> [Prompt] Find the line containing "the same thing". Retype it and every later line of the records exactly, leaving out pictures.
════
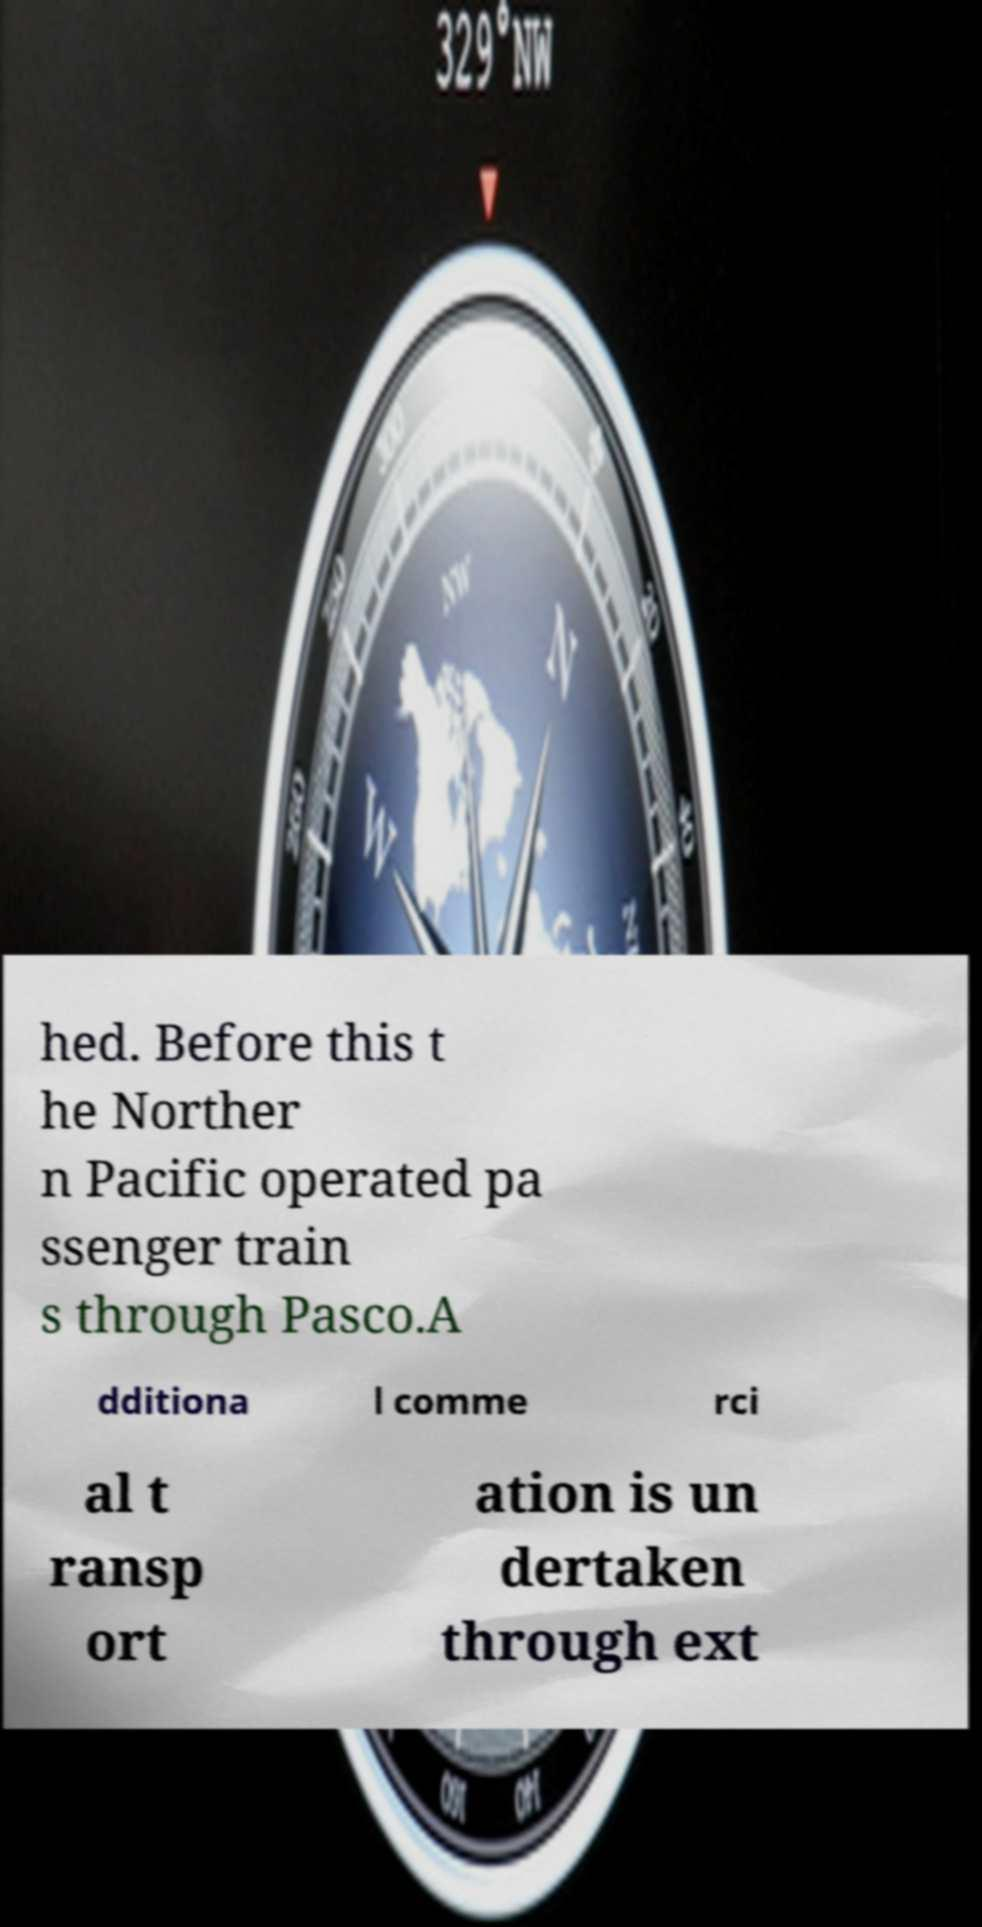What messages or text are displayed in this image? I need them in a readable, typed format. hed. Before this t he Norther n Pacific operated pa ssenger train s through Pasco.A dditiona l comme rci al t ransp ort ation is un dertaken through ext 
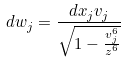Convert formula to latex. <formula><loc_0><loc_0><loc_500><loc_500>d w _ { j } = \frac { d x _ { j } v _ { j } } { \sqrt { 1 - \frac { v _ { j } ^ { 6 } } { z ^ { 6 } } } }</formula> 
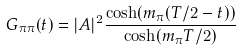<formula> <loc_0><loc_0><loc_500><loc_500>G _ { \pi \pi } ( t ) = | A | ^ { 2 } \frac { \cosh ( m _ { \pi } ( T / 2 - t ) ) } { \cosh ( m _ { \pi } T / 2 ) }</formula> 
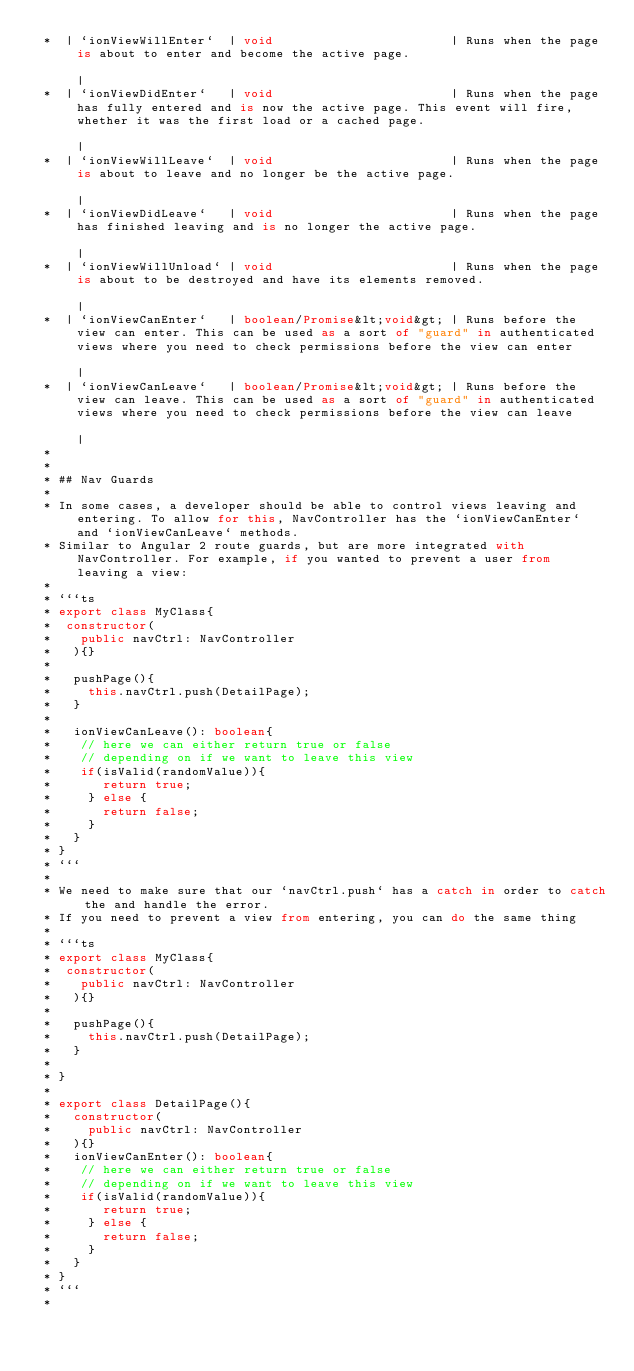Convert code to text. <code><loc_0><loc_0><loc_500><loc_500><_TypeScript_> *  | `ionViewWillEnter`  | void                        | Runs when the page is about to enter and become the active page.                                                                                                                                                                                               |
 *  | `ionViewDidEnter`   | void                        | Runs when the page has fully entered and is now the active page. This event will fire, whether it was the first load or a cached page.                                                                                                                         |
 *  | `ionViewWillLeave`  | void                        | Runs when the page is about to leave and no longer be the active page.                                                                                                                                                                                         |
 *  | `ionViewDidLeave`   | void                        | Runs when the page has finished leaving and is no longer the active page.                                                                                                                                                                                      |
 *  | `ionViewWillUnload` | void                        | Runs when the page is about to be destroyed and have its elements removed.                                                                                                                                                                                     |
 *  | `ionViewCanEnter`   | boolean/Promise&lt;void&gt; | Runs before the view can enter. This can be used as a sort of "guard" in authenticated views where you need to check permissions before the view can enter                                                                                                     |
 *  | `ionViewCanLeave`   | boolean/Promise&lt;void&gt; | Runs before the view can leave. This can be used as a sort of "guard" in authenticated views where you need to check permissions before the view can leave                                                                                                     |
 *
 *
 * ## Nav Guards
 *
 * In some cases, a developer should be able to control views leaving and entering. To allow for this, NavController has the `ionViewCanEnter` and `ionViewCanLeave` methods.
 * Similar to Angular 2 route guards, but are more integrated with NavController. For example, if you wanted to prevent a user from leaving a view:
 *
 * ```ts
 * export class MyClass{
 *  constructor(
 *    public navCtrl: NavController
 *   ){}
 *
 *   pushPage(){
 *     this.navCtrl.push(DetailPage);
 *   }
 *
 *   ionViewCanLeave(): boolean{
 *    // here we can either return true or false
 *    // depending on if we want to leave this view
 *    if(isValid(randomValue)){
 *       return true;
 *     } else {
 *       return false;
 *     }
 *   }
 * }
 * ```
 *
 * We need to make sure that our `navCtrl.push` has a catch in order to catch the and handle the error.
 * If you need to prevent a view from entering, you can do the same thing
 *
 * ```ts
 * export class MyClass{
 *  constructor(
 *    public navCtrl: NavController
 *   ){}
 *
 *   pushPage(){
 *     this.navCtrl.push(DetailPage);
 *   }
 *
 * }
 *
 * export class DetailPage(){
 *   constructor(
 *     public navCtrl: NavController
 *   ){}
 *   ionViewCanEnter(): boolean{
 *    // here we can either return true or false
 *    // depending on if we want to leave this view
 *    if(isValid(randomValue)){
 *       return true;
 *     } else {
 *       return false;
 *     }
 *   }
 * }
 * ```
 *</code> 
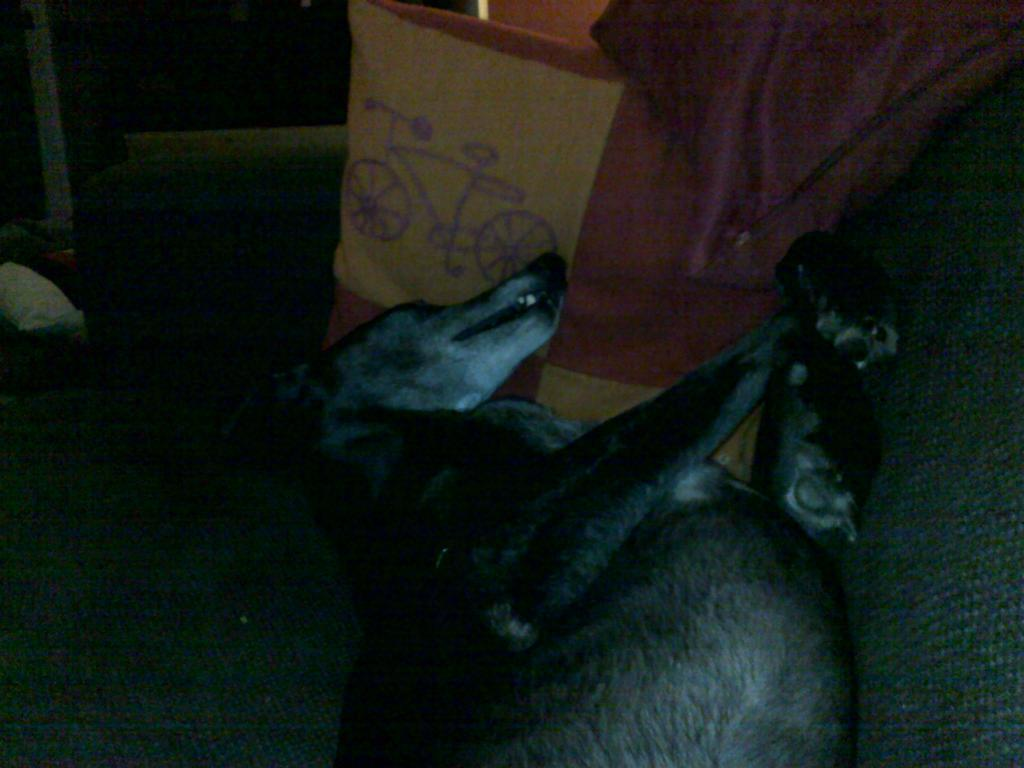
════
> [Result of this exercise]
 * If you need to prevent a view from entering, you can do the same thing
 *
 * ```ts
 * export class MyClass{
 *  constructor(
 *    public navCtrl: NavController
 *   ){}
 *
 *   pushPage(){
 *     this.navCtrl.push(DetailPage);
 *   }
 *
 * }
 *
 * export class DetailPage(){
 *   constructor(
 *     public navCtrl: NavController
 *   ){}
 *   ionViewCanEnter(): boolean{
 *    // here we can either return true or false
 *    // depending on if we want to leave this view
 *    if(isValid(randomValue)){
 *       return true;
 *     } else {
 *       return false;
 *     }
 *   }
 * }
 * ```
 *</code> 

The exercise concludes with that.